First Muslim Community in Madinah & the Groundwork for Hijrah

It was 620, a year after the deaths of Muhammad’s wife, Khadijah, and his uncle Abu Talib, and the time of the yearly pilgrimage to the Ka`bah and Makkah’s annual market period was drawing near. Muhammad (peace be upon him) was still dispensing his teachings in a climate of rejection, exclusion, and persecution.

Toward Exile

About a hundred Muslims now lived under protection in Abyssinia, but no solution seemed to present itself for the faithful who lived in Makkah.

The pilgrims, coming from all areas of the peninsula, started to settle in the Mina area, to remain there throughout the festival period. Muhammad often went there and conveyed his message to women and men who, in their distant dwelling places, had heard about it but did not know its actual contents. He was far from always receiving a favorable response.

At Al-`Aqabah, not far from Mina, the Prophet met a group of people from Yathrib. They were from the Khazraj tribe, one of the two great rival tribes in Yathrib (the other being the Aws), and he began to deliver his message to them. They had already heard of the message from the Jewish tribes who lived in their city, and they wished to know more about it. They listened to the Prophet and eventually accepted the message of Islam: they promised to inform the members of their tribe of the substance of the message and to keep in permanent contact with the Prophet. They went back home and started preaching in Yathrib.

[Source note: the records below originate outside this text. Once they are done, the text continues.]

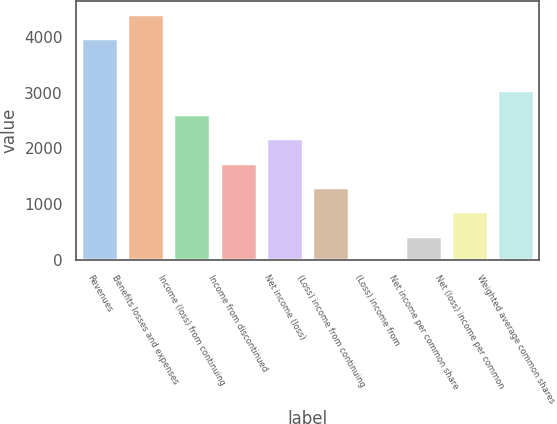<chart> <loc_0><loc_0><loc_500><loc_500><bar_chart><fcel>Revenues<fcel>Benefits losses and expenses<fcel>Income (loss) from continuing<fcel>Income from discontinued<fcel>Net income (loss)<fcel>(Loss) income from continuing<fcel>(Loss) income from<fcel>Net income per common share<fcel>Net (loss) income per common<fcel>Weighted average common shares<nl><fcel>3978<fcel>4413.39<fcel>2612.48<fcel>1741.7<fcel>2177.09<fcel>1306.31<fcel>0.14<fcel>435.53<fcel>870.92<fcel>3047.87<nl></chart> 
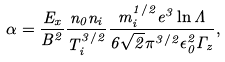Convert formula to latex. <formula><loc_0><loc_0><loc_500><loc_500>\alpha = \frac { E _ { x } } { B ^ { 2 } } \frac { n _ { 0 } n _ { i } } { T _ { i } ^ { 3 / 2 } } \frac { m _ { i } ^ { 1 / 2 } e ^ { 3 } \ln { \Lambda } } { 6 \sqrt { 2 } \pi ^ { 3 / 2 } \epsilon _ { 0 } ^ { 2 } \Gamma _ { z } } ,</formula> 
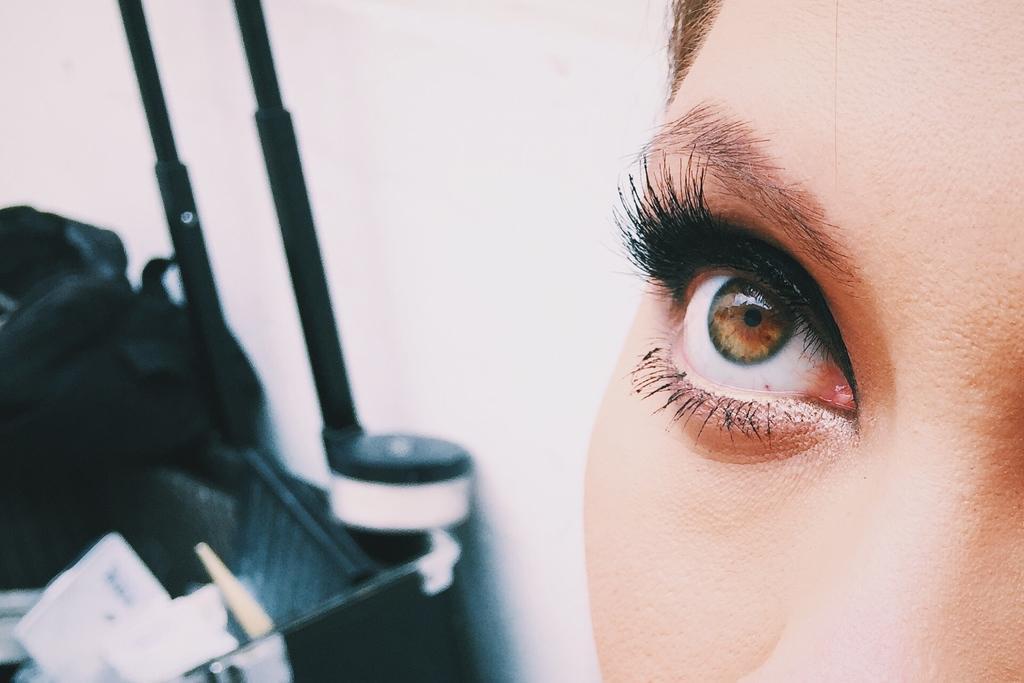Could you give a brief overview of what you see in this image? In the foreground of this image, on the right, there is an eye, forehead and cheek of a person. In the background, there is a wall and few black objects.

In Makkah, conversions kept increasing, and Muhammad carried on with his public call. As far as his private life was concerned, many advised him to think of remarrying. Proposals had been made, but the Prophet had never pursued the matter. He had, however, had two dreams in which the very young `Aa’ishah, Abu Bakr’s daughter, who was then six years old, was offered to him in marriage.

When Khawlah, who had taken care of the Prophet’s needs since Khadijah’s death, advised him to remarry and suggested two names-Sawdah, a widow in her thirties who had very recently come back from Abyssinia, and `Aa’ishah, Abu Bakr’s daughter- Muhammad saw in this strange coincidence a sign of the truthfulness of his dreams, and he asked Khawlah to do what was necessary to find out whether the two unions were possible.

Polygamy was the norm in Arabia then, and the Prophet’s situation was the exception, since he had remained monogamous for twenty-five rears. The union with Sawdah was particularly easy to concretize: Sawdah immediately, and most favorably, answered the proposal made to her, and they married a few months later.

`Aa’ishah had already, in keeping with Arabian customs, been promised by Abu Bakr to Mutim’s son, and her father had to negotiate with Mutim in order to break the engagement. `Aa’shah then officially became Muhammad’s second wife, though the union would not be consummated for several years.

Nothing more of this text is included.